7. Le premier risque est l'exode rural : des sections rurales vers les bourgs, de la province vers Port au Prince.

Même si les logisticiens de l'humanitaire aiment être sur les axes routiers et dans les bourgs, il ne faut pas oublier que 90% de la population habitent dans les sections rurales et 10% dans le bourg.

Nous insisterons que pour les secours soient pensés par section rurale et non globalement au niveau communal.

8. La deuxième priorité est la réparation des écoles qui peuvent être rapidement des abris et surtout permettre aux enfants de reprendre le chemin de l'école sans avoir besoin de quitter leur zone pour cela.

9. La demande des agriculteurs porte fortement sur des semences afin de replanter très vite des produits agricoles à cycle court et retrouver rapidement une autonomie et ne pas rester dans une éternelle assistance.

JBT




7/10/2016 - Bulletin n°2 : le bilan de Matthew va continuer à s'alourdir

Les Nations Unies parlent de 350 000 personnes en détresse, le Ministère de l'intérieur a ré-évalué à plus de 100 morts le nombre de victimes.

Cependant, nous restons sans nouvelles de nombreuses régions et lorsqu'elles arriveront , elles viendront encore alourdir sensiblement le bilan actuel. Les 2 départements les plus touchés (Grand'Anse et Sud) totalisent à eux seuls plus de 1.2 millions de personnes.

Nos équipes participent à l'évaluation des dégats sur Camp Perrin. Ceux ci sont massifs.

Camp Perrin, cette commune de plus de 43 000 habitants (estimation de l'institut de statistique de janvier 2012) est probablement sinistrée à plus de 90%.

Un président d'association de la 3ème section rurale de Camp Perrin ( section de plus de 10 000 habitants) a recensé 2270 maisons et qui sont abimées  ( toits envolés ou /et murs endommagés) à près de 99%.

Comment expliquer un nombre finalement faible de blessés ou de morts avec une telle puissance de destruction du cyclone ?

L'urgence va très vite se poser en terme de nourriture, d'eau potable et de reconstruction rapide d'abris couverts (bâches, tôles). La destruction des cultures, des arbres et des cheptels rend vitale la rapidité des secours (de l'ordre de quelques jours)  pour la population.

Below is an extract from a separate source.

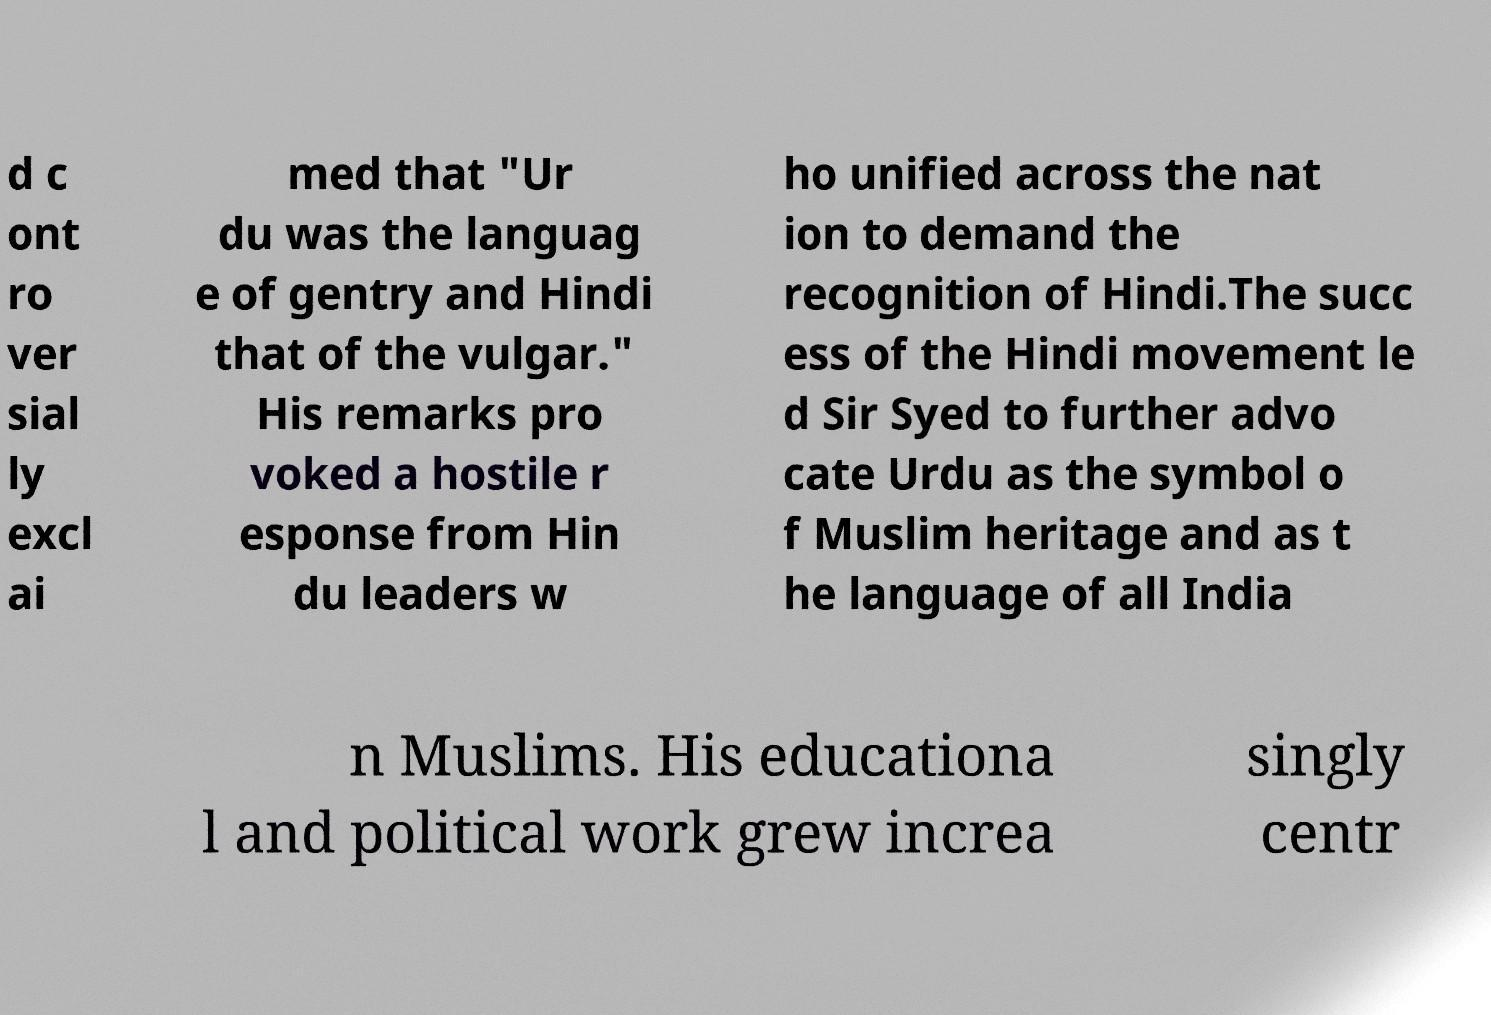Could you assist in decoding the text presented in this image and type it out clearly? d c ont ro ver sial ly excl ai med that "Ur du was the languag e of gentry and Hindi that of the vulgar." His remarks pro voked a hostile r esponse from Hin du leaders w ho unified across the nat ion to demand the recognition of Hindi.The succ ess of the Hindi movement le d Sir Syed to further advo cate Urdu as the symbol o f Muslim heritage and as t he language of all India n Muslims. His educationa l and political work grew increa singly centr

5/10/2016 - Bulletin n°1 : nouvelles de la presqu'île du Sud

Les nouvelles arrivent peu à peu du Sud car la route est bloquée avec l'écroulement du pont de Petit Goave et les réseaux de téléphone et d'internet ne fonctionnent pratiquement pas. L'absence d'électricité ne permet plus de recharger les batteries de téléphone.

Thomas, volontaire d'Haiti Futur à Camp Perrin et Vivens, notre coordonateur pour le sud nous ont donné les informations suivantes:

"la situation est pire que celle qu'on pouvait imaginer, ce n'est pas un cyclone qui est passé sur Camp Perrin mais une tornade. Tous les arbres sont arrachés, toutes les toitures en tôle ont été emportées, l'église de Camp Perrin a vu son toit emporté et ses murs en pierre effondrés.

Ecoles, maisons, tout est délabré. La route  "En bas Camp" est devenue une rivière.
Pour l'instant , on boit de l'eau de noix de coco et on fait bouillir des bananes qui sont tombées"
.

La destruction des arbres , y compris fruitiers va accentuer les problèmes de pénurie de nourriture, le problème d'eau potable se pose déjà.

La vulnérabilité aux pluies qui peuvent encore revenir est un autre problème. A cela s'ajoutera la question du système d'irrigation de Camp Perrin qui irrigue la plaine des Cayes. Nous sommes sur un niveau de problèmes élevés.

De la région de Jérémie, peu de nouvelles. Les rares nouvelles sont aussi alarmantes pour Jérémie, Bonbon, Anse du Clerc, les Abricots, Dame Marie qui sont dévastées. Anse à Veau est sous les eaux. Deux ponts menant à la Grande Anse sont tombés.